Mike Legg and Jilmarie Chapple on their last trip to Kauai in March 2024, a year after Chapple learned an earlier case of breast cancer had returned and metastasized. She began working with Wheeler in June 2024 and died on June 12, 2025. c/o MIKE LEGG

The couple was not alone on the challenging journey, however. Monterey-based end-of-life doula Laurie Wheeler was standing in the gap.

“I had never heard of an end-of-life doula before, but Jil – facing what we were facing – I don’t know where she got the idea, but she was the one who researched it,” Legg says. Chapple’s research in June 2024 led her to Wheeler, who seemed to be the right fit, both from reading her profile, and after Chapple, Legg and Wheeler met in a coffee shop in Scotts Valley, near the couple’s home in Boulder Creek.
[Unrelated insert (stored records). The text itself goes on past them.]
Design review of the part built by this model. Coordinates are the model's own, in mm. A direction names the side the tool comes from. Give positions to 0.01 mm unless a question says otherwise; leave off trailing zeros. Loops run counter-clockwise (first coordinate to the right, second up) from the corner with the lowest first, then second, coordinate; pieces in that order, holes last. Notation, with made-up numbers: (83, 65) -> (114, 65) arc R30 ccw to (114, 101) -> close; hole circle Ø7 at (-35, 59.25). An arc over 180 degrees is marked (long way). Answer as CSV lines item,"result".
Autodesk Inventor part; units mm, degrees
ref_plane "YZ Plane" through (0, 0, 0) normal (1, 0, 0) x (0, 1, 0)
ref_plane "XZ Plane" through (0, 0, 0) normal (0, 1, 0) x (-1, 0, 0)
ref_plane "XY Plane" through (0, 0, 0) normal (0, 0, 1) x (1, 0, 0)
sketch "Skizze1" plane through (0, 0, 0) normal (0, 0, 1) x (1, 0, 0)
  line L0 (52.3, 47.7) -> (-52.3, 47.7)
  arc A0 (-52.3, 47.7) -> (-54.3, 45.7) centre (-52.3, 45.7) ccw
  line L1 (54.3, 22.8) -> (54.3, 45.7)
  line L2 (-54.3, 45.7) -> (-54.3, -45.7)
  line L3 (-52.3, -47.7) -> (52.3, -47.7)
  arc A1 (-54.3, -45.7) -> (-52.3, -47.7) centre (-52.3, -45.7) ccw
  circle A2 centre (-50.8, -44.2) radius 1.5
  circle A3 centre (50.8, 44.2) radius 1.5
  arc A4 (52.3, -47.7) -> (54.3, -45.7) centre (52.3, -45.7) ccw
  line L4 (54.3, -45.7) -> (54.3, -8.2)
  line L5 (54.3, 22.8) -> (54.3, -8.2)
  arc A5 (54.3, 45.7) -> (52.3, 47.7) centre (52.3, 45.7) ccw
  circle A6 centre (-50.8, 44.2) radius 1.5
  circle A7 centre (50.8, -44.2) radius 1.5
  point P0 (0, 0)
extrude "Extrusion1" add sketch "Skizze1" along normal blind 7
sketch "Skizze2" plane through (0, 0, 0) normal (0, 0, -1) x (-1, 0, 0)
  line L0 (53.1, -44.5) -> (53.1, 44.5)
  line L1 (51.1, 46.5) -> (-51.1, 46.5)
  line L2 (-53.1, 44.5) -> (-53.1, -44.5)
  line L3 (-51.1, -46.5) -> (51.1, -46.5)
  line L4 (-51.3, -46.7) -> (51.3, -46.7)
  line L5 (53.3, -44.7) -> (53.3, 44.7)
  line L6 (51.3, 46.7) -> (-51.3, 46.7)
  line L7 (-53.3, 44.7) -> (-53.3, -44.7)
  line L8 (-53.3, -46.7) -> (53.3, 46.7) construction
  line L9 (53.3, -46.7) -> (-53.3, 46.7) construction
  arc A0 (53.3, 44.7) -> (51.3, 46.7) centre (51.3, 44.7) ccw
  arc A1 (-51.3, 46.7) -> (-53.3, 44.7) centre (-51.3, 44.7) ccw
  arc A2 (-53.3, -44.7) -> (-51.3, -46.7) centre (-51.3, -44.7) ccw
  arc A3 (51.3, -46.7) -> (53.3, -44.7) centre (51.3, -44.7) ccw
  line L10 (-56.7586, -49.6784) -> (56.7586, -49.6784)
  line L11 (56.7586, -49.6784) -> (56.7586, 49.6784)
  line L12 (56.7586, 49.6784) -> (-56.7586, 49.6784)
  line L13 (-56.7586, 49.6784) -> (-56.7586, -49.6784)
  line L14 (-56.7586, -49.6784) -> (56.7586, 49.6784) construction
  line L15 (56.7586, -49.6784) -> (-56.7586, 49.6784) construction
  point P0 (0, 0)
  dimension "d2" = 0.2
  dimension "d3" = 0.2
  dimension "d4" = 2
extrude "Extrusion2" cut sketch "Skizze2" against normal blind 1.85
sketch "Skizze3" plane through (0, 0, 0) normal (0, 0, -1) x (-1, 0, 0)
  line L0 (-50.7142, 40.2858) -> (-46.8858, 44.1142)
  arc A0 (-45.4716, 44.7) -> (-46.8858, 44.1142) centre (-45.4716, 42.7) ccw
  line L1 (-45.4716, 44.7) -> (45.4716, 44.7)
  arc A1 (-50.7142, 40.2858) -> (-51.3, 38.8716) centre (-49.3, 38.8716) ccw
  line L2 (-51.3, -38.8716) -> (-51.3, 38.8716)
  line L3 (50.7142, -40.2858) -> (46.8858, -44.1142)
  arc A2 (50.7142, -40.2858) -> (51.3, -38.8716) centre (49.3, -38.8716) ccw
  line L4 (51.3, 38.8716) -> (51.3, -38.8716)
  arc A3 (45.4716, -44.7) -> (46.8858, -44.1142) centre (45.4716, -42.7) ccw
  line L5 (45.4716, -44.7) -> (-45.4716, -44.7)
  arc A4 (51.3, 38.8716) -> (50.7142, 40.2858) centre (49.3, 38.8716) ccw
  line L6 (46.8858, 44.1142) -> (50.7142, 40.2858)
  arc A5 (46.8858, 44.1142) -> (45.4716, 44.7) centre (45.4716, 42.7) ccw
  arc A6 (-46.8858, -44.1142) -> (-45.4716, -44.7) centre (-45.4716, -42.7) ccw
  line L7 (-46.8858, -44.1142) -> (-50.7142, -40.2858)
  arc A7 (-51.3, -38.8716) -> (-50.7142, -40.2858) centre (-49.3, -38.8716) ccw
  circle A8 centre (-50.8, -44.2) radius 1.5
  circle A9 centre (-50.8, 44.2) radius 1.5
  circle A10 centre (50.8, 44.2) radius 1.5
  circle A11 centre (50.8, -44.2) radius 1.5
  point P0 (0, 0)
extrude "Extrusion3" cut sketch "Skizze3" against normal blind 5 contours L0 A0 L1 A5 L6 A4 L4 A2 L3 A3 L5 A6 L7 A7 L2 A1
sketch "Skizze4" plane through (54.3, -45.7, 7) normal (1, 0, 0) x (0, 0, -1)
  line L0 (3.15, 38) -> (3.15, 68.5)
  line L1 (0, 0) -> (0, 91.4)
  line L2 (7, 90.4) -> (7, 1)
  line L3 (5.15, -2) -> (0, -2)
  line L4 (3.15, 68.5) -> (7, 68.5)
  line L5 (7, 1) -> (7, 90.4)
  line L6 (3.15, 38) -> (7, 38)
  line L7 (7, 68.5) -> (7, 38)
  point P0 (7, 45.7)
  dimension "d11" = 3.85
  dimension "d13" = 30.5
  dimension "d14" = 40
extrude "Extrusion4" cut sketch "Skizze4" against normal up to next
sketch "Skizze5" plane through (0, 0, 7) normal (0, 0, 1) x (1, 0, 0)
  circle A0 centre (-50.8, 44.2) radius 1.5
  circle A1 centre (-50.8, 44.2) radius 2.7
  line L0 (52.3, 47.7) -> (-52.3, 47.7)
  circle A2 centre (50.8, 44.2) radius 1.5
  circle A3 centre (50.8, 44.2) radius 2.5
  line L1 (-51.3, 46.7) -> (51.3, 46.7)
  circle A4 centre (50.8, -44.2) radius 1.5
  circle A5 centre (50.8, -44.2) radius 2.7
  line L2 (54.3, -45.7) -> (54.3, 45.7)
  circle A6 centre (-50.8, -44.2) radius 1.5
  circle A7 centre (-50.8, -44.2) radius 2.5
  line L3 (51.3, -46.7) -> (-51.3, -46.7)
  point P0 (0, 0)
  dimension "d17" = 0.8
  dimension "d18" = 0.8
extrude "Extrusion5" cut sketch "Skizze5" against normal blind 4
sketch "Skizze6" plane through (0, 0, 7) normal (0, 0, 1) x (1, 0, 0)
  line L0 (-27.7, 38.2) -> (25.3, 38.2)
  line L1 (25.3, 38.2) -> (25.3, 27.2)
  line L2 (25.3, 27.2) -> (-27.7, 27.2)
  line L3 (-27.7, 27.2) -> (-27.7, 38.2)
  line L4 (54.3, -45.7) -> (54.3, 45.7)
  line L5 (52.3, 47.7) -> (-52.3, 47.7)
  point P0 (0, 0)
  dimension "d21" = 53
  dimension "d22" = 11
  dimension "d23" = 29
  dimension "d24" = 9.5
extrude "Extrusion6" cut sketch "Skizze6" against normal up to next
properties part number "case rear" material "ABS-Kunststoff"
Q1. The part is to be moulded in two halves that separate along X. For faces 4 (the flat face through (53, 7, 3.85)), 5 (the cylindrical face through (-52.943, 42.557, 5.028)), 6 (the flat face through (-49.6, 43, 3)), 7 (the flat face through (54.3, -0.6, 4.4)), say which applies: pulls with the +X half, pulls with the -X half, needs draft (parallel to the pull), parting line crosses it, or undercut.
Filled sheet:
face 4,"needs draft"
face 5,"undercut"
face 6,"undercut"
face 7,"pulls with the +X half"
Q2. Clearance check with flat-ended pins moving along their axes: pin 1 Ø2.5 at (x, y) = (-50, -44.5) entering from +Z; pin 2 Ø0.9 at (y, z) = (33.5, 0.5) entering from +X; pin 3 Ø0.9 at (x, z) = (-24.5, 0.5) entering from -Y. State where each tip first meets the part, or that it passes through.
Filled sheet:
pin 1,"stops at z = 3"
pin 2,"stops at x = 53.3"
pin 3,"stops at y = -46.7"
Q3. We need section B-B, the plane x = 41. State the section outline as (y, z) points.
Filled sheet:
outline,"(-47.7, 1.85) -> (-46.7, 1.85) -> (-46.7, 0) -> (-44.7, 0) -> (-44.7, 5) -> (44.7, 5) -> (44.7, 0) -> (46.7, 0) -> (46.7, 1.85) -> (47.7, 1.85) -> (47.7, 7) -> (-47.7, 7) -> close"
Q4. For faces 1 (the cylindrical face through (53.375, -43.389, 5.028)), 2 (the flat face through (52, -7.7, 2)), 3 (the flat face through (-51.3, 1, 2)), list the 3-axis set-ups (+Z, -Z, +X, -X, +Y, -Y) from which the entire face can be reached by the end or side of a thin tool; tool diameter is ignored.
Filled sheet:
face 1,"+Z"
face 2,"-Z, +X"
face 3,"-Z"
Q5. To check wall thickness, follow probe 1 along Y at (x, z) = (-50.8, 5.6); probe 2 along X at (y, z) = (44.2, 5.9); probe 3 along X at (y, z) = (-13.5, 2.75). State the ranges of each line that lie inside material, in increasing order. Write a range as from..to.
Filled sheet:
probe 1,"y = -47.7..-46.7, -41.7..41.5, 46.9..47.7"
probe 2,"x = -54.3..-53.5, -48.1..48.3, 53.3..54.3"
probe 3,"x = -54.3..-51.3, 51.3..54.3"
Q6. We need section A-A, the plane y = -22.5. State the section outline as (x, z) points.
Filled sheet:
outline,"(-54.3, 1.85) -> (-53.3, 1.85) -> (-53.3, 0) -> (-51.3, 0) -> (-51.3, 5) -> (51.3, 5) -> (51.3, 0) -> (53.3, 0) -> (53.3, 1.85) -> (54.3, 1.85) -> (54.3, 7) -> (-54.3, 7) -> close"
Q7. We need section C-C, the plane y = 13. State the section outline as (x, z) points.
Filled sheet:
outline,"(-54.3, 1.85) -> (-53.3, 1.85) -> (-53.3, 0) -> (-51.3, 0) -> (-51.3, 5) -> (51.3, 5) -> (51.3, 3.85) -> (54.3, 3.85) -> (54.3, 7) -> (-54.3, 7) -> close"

End-of-life doula Laurie Wheeler started as a hospice volunteer seeking more meaning to her life. From there she decided to receive doula training and has been working both as a volunteer and in her private practice based in Monterey. DANIEL DRIEFUSS

In the year before Chapple died at the age of 67, Wheeler was her go-to for advice, resources, guided meditations to allay anxiety, or just to talk, via the phone and video calls.

“She provided a lot of comfort to my wife,” Legg says.

In June, Wheeler assisted both Chapple and Legg in the final days, and then Legg in the weeks afterward as he prepared for Chapple’s celebration of life. Legg says he can’t imagine what it would have been like without the doula’s support.

Wheeler is part of the growing number of end-of-life doulas, as she calls herself, or death doulas, an older term that is still embraced by some. The doulas mirror their counterparts, birth doulas, who provide assistance before, during and sometimes after a child is born.

No matter the term, end-of-life or death, the doula’s mission is to offer compassionate nonmedical comfort, care and dignity for people transitioning from this world into the next.

Several years ago, it wasn’t easy to find a death doula in Monterey County – only one was listed on a national database. Their ranks are expanding. The National End-of-Life Doula Alliance (NEDA) reports membership has grown from 260 in 2019 to over 1,500. Other organizations have launched in recent years with their own members as the demand for training and support has increased.

That more people are getting into the career of caring for others at the end of life is a positive sign, but it’s also a challenging time for what is an unregulated industry. There is no standard for training or government oversight. There are organizations like NEDA or the International End-of-Life Association (INELDA) that expect members to abide by a code of ethics, but for now it’s up to consumers to vet the doulas they reach out to.

“I wouldn’t call it a wild west, exactly, but there’s a very open space as things evolve,” says Linda Anne Goulet, who works and volunteers as an end-of-life doula and leads grief workshops locally. “It’s a really interesting time in this field.”

For the uninitiated, it can be confusing to sort out the differences between hospice and doula services. Settling our affairs and making a plan while we are alive and well is always best, doulas say. It is the ultimate gift to loved ones, to make practical decisions ahead of time and emotionally, to leave nothing unsaid.

There can be “a beautiful death,” says Carmel-based death doula David Hahklotubbe (pronounced “hawk-low-tubby”), and that’s where doulas can be of service. He started in 1998 and has seen an interest in doulas grow in recent years.

“It’s in the consciousness right now,” he says, “and it’s gaining a lot of momentum.”

BENJAMIN FRANKLIN FAMOUSLY WROTE IN A LETTER TO FRENCH PHYSICIST JEAN-BAPTISTE LE ROY in 1789 that nothing in life is certain except death and taxes. In the U.S. we have little problem with talking about taxes. We’ve been more reticent when it comes to talking about our own deaths, or the death of someone we love.

“Not many people that I know really know how to be with someone who is facing such a horrible situation. Many people want to rally and say, ‘You’re going to beat this,’ or ‘rah rah’ and cheerlead, and that’s really not helpful,” Legg says.

Doulas can provide a nonjudgmental, listening ear when loved ones aren’t ready to face reality. They can also, with permission, talk with friends and family and offer emotional support and resources.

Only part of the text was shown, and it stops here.